Verification process

  1. The sender calls sendSignal(message) on the source chain.
  2. The recipient retrieves the Merkle proof of the message using eth_getProof.
  3. The proof is submitted to verifySignalReceived on the destination chain.
  4. The contract reconstructs the Merkle root using sibling hashes and verifies it against stored state roots.
  5. If the proof is valid, the message is considered received.

How the bridge works

The bridge allows trust-minimized asset transfers between Ethereum and Taiko. It leverages the Signal Service for security, ensuring assets are transferred only if the source chain transaction is verifiable.

Flow of an asset transfer

Sending assets from source chain

When a user initiates a transfer:

  1. The user sends assets (ETH or ERC tokens) to the Bridge contract.
  2. The Bridge contract:
  • Locks the ETH/ERC token.
  • Calls sendSignal(message) on the Signal Service.
  1. The signal is stored on the source chain.
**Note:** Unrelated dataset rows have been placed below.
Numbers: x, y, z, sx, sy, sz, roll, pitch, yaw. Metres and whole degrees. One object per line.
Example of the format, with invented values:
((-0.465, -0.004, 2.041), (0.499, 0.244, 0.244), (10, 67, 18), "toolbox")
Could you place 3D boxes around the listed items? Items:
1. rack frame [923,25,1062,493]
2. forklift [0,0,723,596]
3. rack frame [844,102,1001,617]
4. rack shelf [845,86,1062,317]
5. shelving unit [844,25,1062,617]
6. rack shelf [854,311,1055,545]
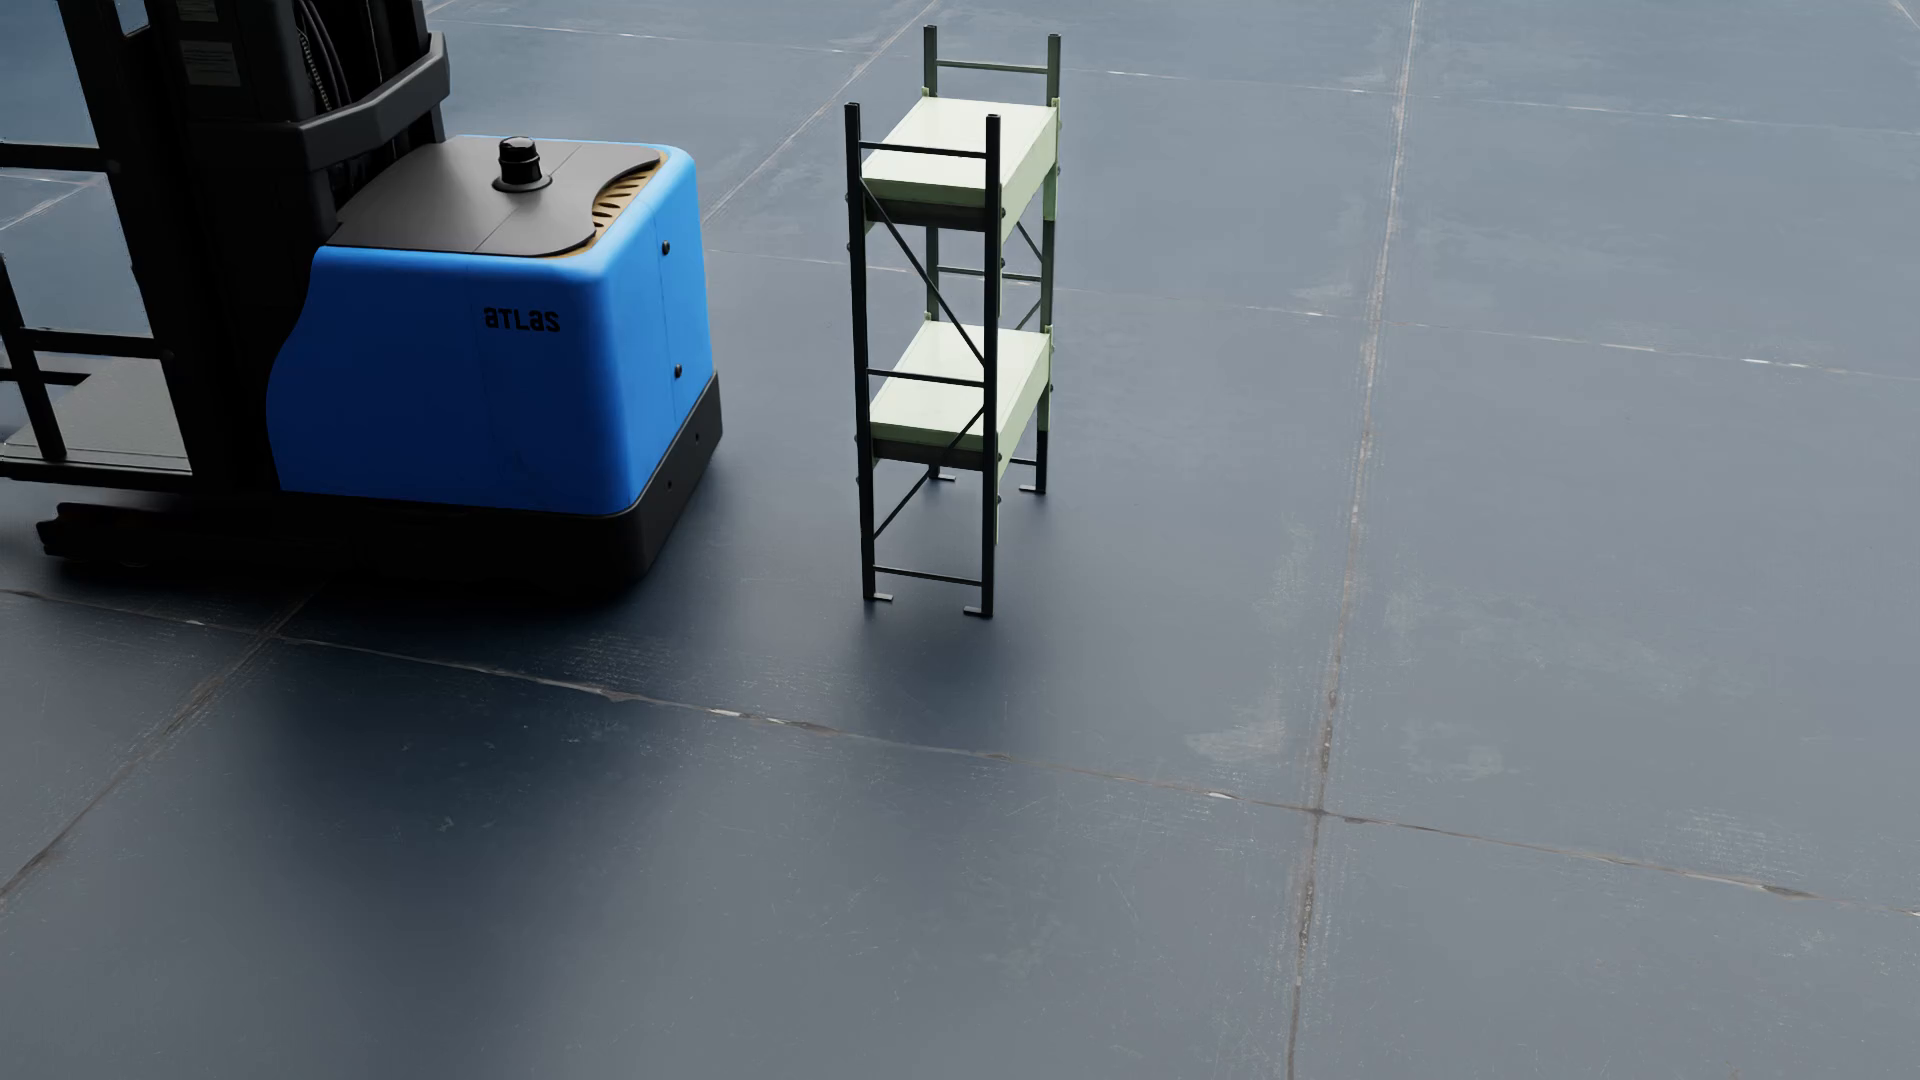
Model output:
((0.091, -0.819, 5.141), (0.400, 1.500, 0.023), (8, 33, 12), "rack frame")
((-2.371, -1.425, 4.760), (3.031, 2.935, 1.130), (5, 33, 7), "forklift")
((-0.095, -0.440, 4.543), (0.400, 1.500, 0.023), (8, 33, 12), "rack frame")
((-0.002, -0.959, 4.633), (0.431, 0.370, 0.720), (8, 33, 12), "rack shelf")
((-0.002, -0.629, 4.842), (0.431, 1.500, 0.755), (8, 33, 12), "shelving unit")
((-0.002, -0.354, 5.017), (0.431, 0.370, 0.720), (8, 33, 12), "rack shelf")

Diagram: Sending a message on the source chain

Bridging source chain process

Receiving assets on destination chain

To complete the transfer:

  1. A relayer (or user) submits a Merkle proof from the source chain.
  2. The Bridge contract verifies the proof using the Signal Service.
  3. If valid:
  • ETH/ERC tokens are released to the recipient.
  • The transfer is marked as complete.

Diagram: Processing a message on the destination chain

Bridging destination chain process

Ether bridging

Taiko Alethia’s bridge supports Ether transfers in two cases:

  1. Direct ETH transfer: The user calls sendMessage on the Bridge contract.
  2. ETH + ERC token transfer: The user calls sendToken on the ERCXXXVault, including ETH as part of the transaction.

ERC-20, ERC-721, and ERC-1155 token bridging

Token bridging requires a BridgedERC contract on the destination chain.

Bridging ERC tokens to the destination chain

  1. The ERC token contract must exist on the destination chain.
  2. The sender calls sendToken on ERCXXXVault (source chain).
  3. The vault transfers the token to the Bridge contract and generates a Merkle proof.
  4. The recipient submits a Merkle proof on the destination chain.
  5. If valid, the BridgedERC contract mints the corresponding amount.

Bridging back to the canonical chain

  1. The sender calls sendToken on the BridgedERC contract (destination chain).
  2. The contract burns the token and generates a Merkle proof.
  3. The recipient submits the proof on the canonical chain.
  4. The canonical TokenVault contract releases the original token.

Summary

FeatureTaiko Alethia Bridge
Security ModelMerkle proofs + world state root sync
Asset TypesETH, ERC-20, ERC-721, ERC-1155
ValidationOn-chain proof verification
PermissionlessNo centralized operators
Trust-MinimizedNo third-party reliance

The Taiko Alethia bridge is a fully decentralized, secure, and Ethereum-equivalent solution for cross-chain asset transfers. Developers can use its Signal Service for their own bridging implementations.